Method according to the previous claim, characterized in that in a first operating mode of the dishwashing machine, such as the execution of a phase of a program for a full load of crockery, the water fed to both said chambers (V1,V2;V101,V102) is discharged into said tub, whereas in a second operating mode of the dishwashing machine, such as the execution of a phase of a program for a reduced load of crockery, only the water contained in one of said chambers (V1 or V2;V101 or V102) is discharged into said tub.
Method according to claim 10, characterized in that, for the execution of a phase of a washing program, a repeated filling and a repeated emptying of only one of said chambers (V1 or V2;V101 or V102) is provided.

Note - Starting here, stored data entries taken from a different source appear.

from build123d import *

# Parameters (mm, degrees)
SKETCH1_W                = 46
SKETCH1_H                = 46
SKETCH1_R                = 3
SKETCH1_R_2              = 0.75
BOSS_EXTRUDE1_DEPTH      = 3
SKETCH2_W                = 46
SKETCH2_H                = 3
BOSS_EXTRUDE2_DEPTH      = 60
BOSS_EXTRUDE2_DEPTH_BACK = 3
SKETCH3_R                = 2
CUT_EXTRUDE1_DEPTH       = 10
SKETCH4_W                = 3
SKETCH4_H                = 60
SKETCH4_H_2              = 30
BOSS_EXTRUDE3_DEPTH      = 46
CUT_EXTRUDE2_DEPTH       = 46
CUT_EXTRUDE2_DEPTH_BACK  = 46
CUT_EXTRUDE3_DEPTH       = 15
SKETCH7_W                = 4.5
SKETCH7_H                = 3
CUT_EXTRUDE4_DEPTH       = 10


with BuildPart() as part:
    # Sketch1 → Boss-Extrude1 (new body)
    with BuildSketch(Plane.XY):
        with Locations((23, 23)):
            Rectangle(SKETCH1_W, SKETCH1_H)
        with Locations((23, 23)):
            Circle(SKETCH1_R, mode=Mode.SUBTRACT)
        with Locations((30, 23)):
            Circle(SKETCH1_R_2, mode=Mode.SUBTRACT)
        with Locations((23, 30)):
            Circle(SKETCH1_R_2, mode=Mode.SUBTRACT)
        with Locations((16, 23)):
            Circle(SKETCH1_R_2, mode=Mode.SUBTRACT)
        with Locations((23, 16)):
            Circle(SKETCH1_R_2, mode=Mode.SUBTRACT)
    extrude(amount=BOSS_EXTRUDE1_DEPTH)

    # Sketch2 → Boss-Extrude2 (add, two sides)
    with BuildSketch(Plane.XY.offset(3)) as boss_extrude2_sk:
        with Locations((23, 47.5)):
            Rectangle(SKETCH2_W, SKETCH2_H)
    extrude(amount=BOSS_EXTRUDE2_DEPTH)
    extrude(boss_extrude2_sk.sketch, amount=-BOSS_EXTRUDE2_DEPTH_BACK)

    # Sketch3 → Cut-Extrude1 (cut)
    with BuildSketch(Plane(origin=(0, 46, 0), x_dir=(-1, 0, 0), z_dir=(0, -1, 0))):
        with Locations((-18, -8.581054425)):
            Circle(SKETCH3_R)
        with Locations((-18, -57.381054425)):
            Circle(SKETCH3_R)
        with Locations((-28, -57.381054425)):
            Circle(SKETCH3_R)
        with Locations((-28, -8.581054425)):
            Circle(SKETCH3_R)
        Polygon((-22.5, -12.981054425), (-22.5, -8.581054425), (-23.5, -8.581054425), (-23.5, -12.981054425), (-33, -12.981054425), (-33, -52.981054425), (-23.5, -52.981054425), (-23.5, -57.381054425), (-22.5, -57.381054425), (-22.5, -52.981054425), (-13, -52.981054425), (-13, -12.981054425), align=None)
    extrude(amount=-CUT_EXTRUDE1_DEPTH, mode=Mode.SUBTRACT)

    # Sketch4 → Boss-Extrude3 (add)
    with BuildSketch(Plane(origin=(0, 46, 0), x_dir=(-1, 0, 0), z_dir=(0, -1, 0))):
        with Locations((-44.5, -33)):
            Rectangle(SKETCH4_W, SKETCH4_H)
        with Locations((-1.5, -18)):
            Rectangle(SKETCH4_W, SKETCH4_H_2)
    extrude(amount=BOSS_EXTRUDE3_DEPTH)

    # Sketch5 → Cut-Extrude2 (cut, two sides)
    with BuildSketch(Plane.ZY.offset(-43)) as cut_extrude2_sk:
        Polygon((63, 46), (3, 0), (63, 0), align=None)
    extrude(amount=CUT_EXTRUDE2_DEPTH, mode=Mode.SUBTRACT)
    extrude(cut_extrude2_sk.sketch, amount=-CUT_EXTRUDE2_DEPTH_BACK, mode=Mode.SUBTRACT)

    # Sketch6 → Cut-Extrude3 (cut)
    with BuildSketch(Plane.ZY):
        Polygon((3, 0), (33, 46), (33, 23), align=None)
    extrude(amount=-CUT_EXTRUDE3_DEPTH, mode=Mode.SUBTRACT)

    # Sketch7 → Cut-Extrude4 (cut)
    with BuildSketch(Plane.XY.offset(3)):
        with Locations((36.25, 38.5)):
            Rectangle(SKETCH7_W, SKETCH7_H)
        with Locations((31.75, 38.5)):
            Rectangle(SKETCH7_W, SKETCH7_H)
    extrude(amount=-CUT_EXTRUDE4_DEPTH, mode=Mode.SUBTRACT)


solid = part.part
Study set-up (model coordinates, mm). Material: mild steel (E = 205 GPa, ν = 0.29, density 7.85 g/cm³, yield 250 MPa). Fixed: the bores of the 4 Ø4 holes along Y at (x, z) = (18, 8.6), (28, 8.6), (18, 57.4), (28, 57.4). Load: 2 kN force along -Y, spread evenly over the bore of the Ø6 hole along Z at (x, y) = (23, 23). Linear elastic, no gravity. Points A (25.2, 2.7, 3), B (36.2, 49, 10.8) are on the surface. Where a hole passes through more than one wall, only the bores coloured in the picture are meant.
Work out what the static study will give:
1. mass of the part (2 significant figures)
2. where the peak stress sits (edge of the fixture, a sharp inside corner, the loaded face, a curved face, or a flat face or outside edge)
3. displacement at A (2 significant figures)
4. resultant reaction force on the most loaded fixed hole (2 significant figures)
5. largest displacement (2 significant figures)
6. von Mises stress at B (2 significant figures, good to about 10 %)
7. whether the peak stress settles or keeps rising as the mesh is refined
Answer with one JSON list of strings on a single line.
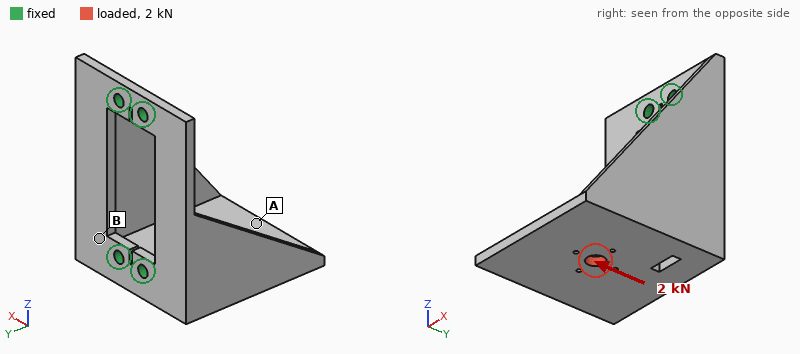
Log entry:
["150 g", "edge of the fixture", "30 µm", "1.1 kN", "39 µm", "25 MPa", "keeps rising"]
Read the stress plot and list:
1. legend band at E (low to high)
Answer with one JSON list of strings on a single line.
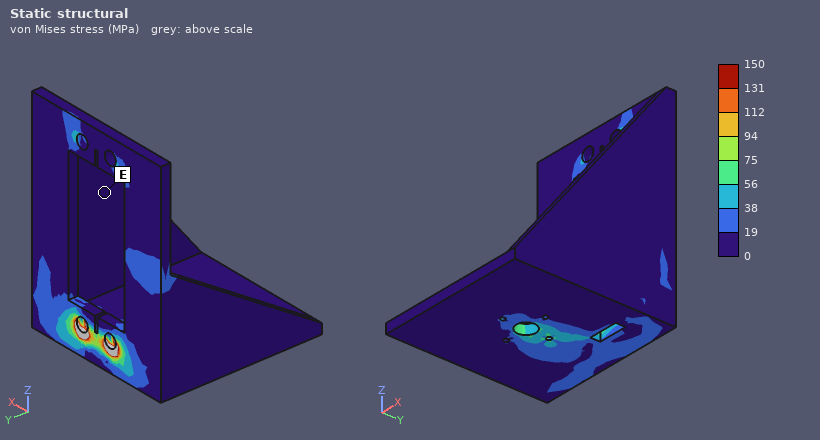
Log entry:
["0 to 19 MPa"]
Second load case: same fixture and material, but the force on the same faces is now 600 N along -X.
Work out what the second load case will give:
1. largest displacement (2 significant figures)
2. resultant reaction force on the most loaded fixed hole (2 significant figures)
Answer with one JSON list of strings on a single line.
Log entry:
["68 µm", "960 N"]
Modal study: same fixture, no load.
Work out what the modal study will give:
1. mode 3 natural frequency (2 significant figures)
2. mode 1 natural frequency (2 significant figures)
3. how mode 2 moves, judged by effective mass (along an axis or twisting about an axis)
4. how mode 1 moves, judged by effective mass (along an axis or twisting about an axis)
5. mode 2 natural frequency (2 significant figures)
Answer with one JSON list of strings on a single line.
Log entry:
["3200 Hz", "1800 Hz", "along Z", "along X", "2100 Hz"]

Method according to at least one of the previous claim, characterized in that said chambers (V1,V2;V101,V102) are connected in cascade between themselves and that

water is fed to the first chamber (V1;V101) of the cascade, which filled up to reach an overflow level (19;119), so that any further water fed to the container (1;101) will cause a water flow into a next chamber of said cascade (V2;V102);

water inlet to the container (1;101) will continue till the water trigs a level sensor (13;113) located in an upper section (V3;V103) of the container (1;101).
Method according to at least one of the previous claim, characterized in that said container (1;101) is provided with at least a third chamber (8,8A;108,108A) for metering a water volume being required for regeneration of the decalcifying resins.
Method according to at least one of the previous claim, characterized in that said chambers (V1,V2,8,8A;V101,V102,108,108A) are emptied directly without the use of siphons, i.e. by a simple opening of relevant valves (EV1,EV2;EV101,EV102) located on conduits (7,17;107,117) departing from the lower side of said chambers (V1,V2,8,8A; V101,V102,108,108A).
Method according to at least one of the previous claim, characterized in that the water flows through a softening device and becomes soft before filling said chambers (V1,V2,8,8A;V101,V102,108,108A).